Filecoin (FIL): Dissecting storage market incentives

We explore the Filecoin network and the tokenomics behind FIL

April 20, 2023

Filecoin (FIL): Dissecting storage market incentives

At a glance

The Filecoin network represents a crypto-native solution to data storage that aims to disrupt centralized incumbents with a fundamentally different approach. By leveraging open-source protocols and token-based incentives, the Filecoin network can provide users with greater control over their data and offer a more secure and cost-effective method of storing and sharing data without relying on centralized intermediaries.

Key takeaways

  • While Filecoin has made meaningful strides in terms of building out the storage capacity of the network in recent years, much of this growth is attributable to an ongoing incentive program (Filecoin Plus) that offers storage providers increased rewards for participating in “verified” storage deals.
  • These enhanced rewards allow storage providers to charge de minimis fees (typically zero) to data providers (clients). As long as the Filecoin Plus program is available, we think the risk is that this may distort the market for FIL by effectively subsidizing the true cost of storage.

Written by

  • Brian Cubellis, Research Analyst

Introduction

The Filecoin network represents a crypto-native solution to data storage that aims to disrupt centralized incumbents with a fundamentally different approach. It works as a decentralized peer-to-peer file storage network that aims to let anyone store, retrieve, and host digital information. By leveraging open-source protocols and token-based incentives, the Filecoin network can provide users with greater control over their data and offer a more secure and cost-effective method of storing and sharing data without relying on centralized intermediaries.
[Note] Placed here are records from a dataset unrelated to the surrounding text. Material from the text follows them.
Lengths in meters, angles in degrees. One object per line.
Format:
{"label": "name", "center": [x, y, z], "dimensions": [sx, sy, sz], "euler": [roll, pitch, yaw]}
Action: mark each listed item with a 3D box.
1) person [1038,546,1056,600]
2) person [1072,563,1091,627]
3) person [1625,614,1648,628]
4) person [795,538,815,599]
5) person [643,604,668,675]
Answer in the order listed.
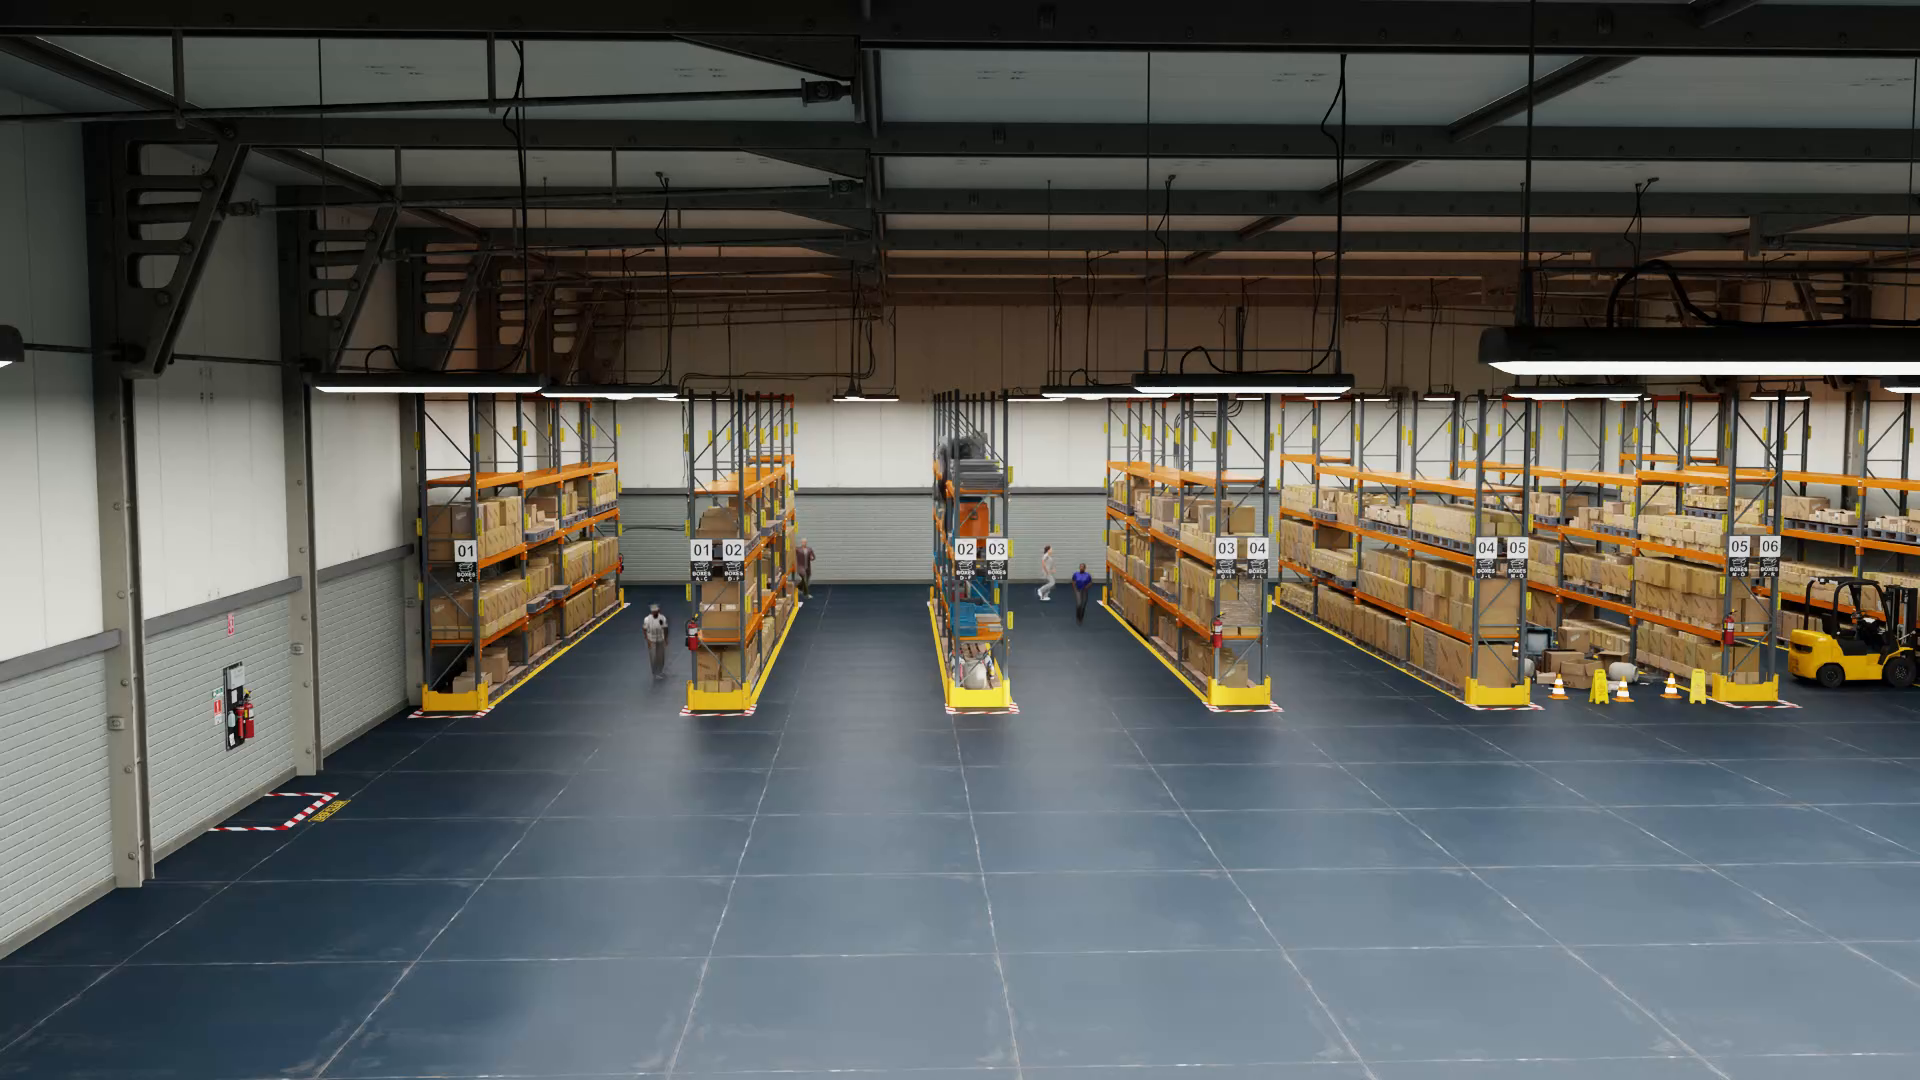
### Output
{"label": "person", "center": [2.558, 0.952, 48.749], "dimensions": [0.521, 1.576, 0.631], "euler": [1, 5, 9]}
{"label": "person", "center": [3.152, 1.421, 42.995], "dimensions": [0.474, 1.657, 0.803], "euler": [-1, 5, -7]}
{"label": "person", "center": [16.637, 1.557, 40.844], "dimensions": [0.651, 1.696, 0.976], "euler": [-1, 5, -9]}
{"label": "person", "center": [-4.605, 0.826, 48.947], "dimensions": [0.702, 1.759, 1.014], "euler": [-3, 6, -34]}
{"label": "person", "center": [-6.368, 2.064, 34.687], "dimensions": [0.519, 1.529, 0.730], "euler": [-2, 5, -28]}

In this report, we explore the recent growth and adoption of the Filecoin network and attempt to assess the long-term sustainability of the incentives at play. While Filecoin has made meaningful strides in terms of building out the storage capacity of the network in recent years, much of this growth is attributable to an ongoing incentive program (Filecoin Plus) that offers storage providers increased rewards for participating in “verified” storage deals. These enhanced rewards allow storage providers to charge de minimis fees (typically zero) to data providers (clients). As long as the Filecoin Plus program is available, we think the risk is that this may distort the market for FIL by effectively subsidizing the true cost of storage.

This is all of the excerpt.